I was very young then, studying in one of the lower classes. My classmate stammered: ‘Musalman log bahut gandha hote hai’ (Muslims are very dirty). I have heard so many other utterances like this – ‘They are hot-blooded’, ‘They kill on the slightest pretext’ etc. I came back home and asked, ‘What’s a Muslim?’ I still didn’t know what Muslim meant. I thought it must be the name of a man or the name of an animal.
My family had many Muslim acquaintances and they often came home. When my mother explained that these people were Muslims, I was taken aback. They were also people like us; they spoke like us; they behaved like us; they expressed their affections like us. I never saw any sign of ‘dirtiness’ in them.
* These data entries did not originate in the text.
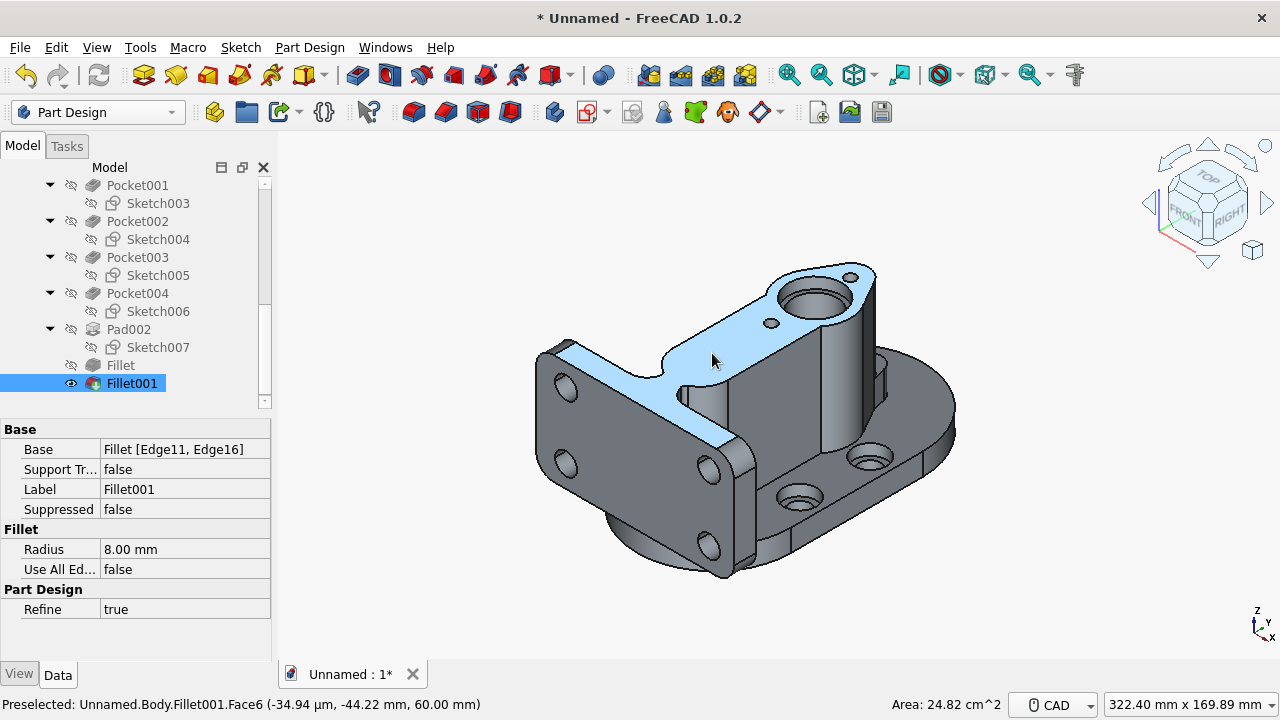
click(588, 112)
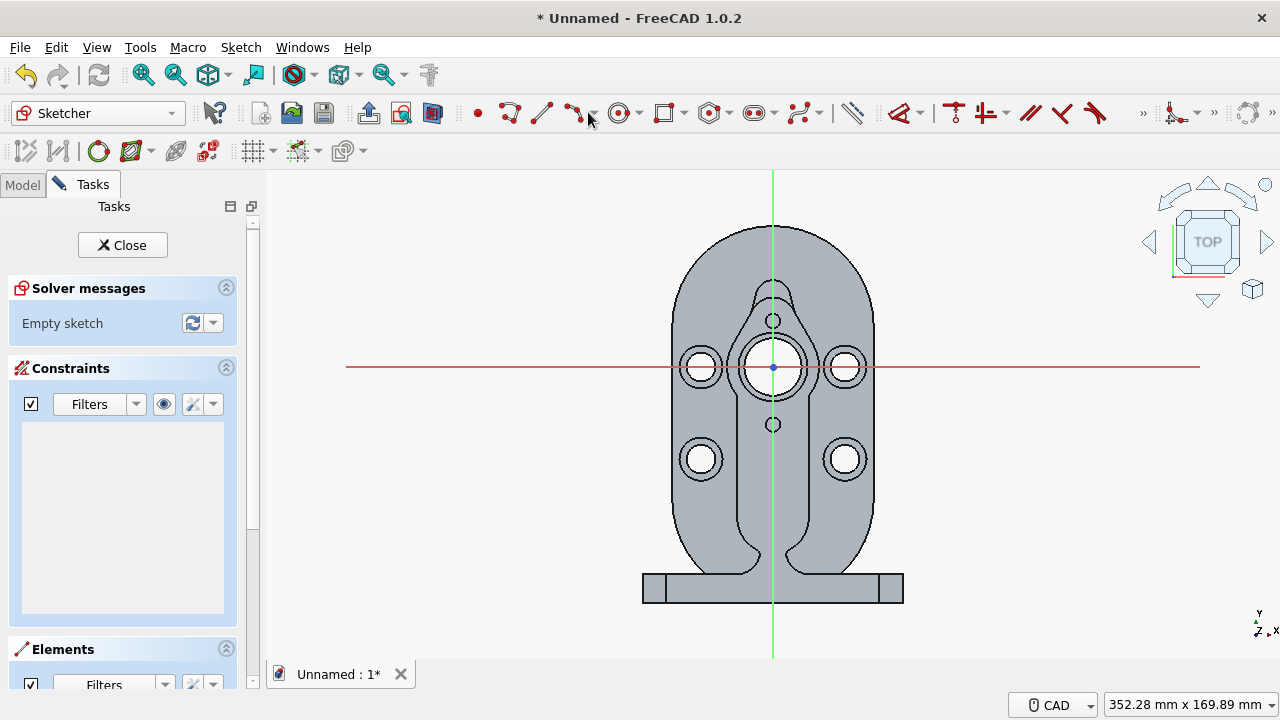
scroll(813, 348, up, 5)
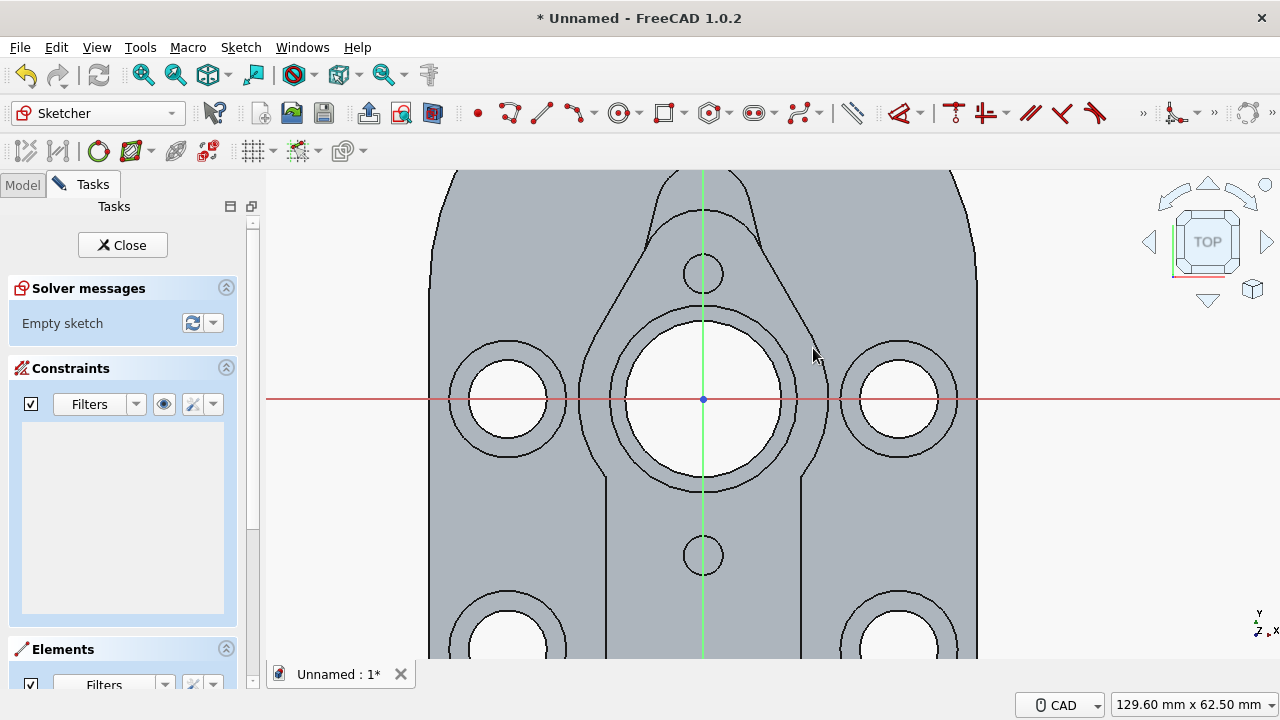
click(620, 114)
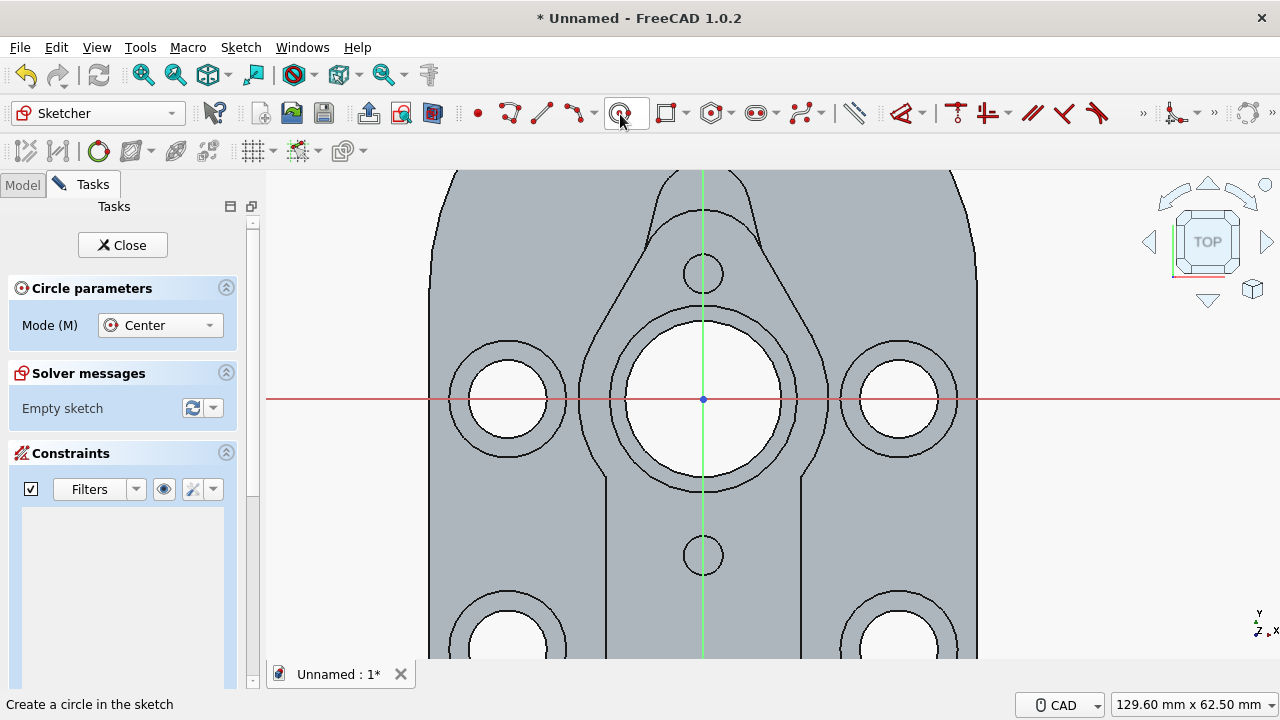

Even at that young age, the word ‘gandha’ (dirty) was drilled into my classmate’s head. And such discrimination takes on different colors at different stages.
I was then a little grown up. One acquaintance, who I called didi, found a job in a company. One evening, I visited their house. Didi had returned from office. She told her mother gleefully: ‘Ma, I have rejected all the undawallahs (egg-sellers) and beediwallahs (beedi-sellers)’. Her company was recruiting people. Didi was responsible for the initial screening of applications. These undawallahs and beediwallahs were none but Muslim job applicants – just imagine! I thought, you didn’t even consider their applications and abusing them as undawallahs and beediwallahs. If they didn’t find jobs, what else would they do?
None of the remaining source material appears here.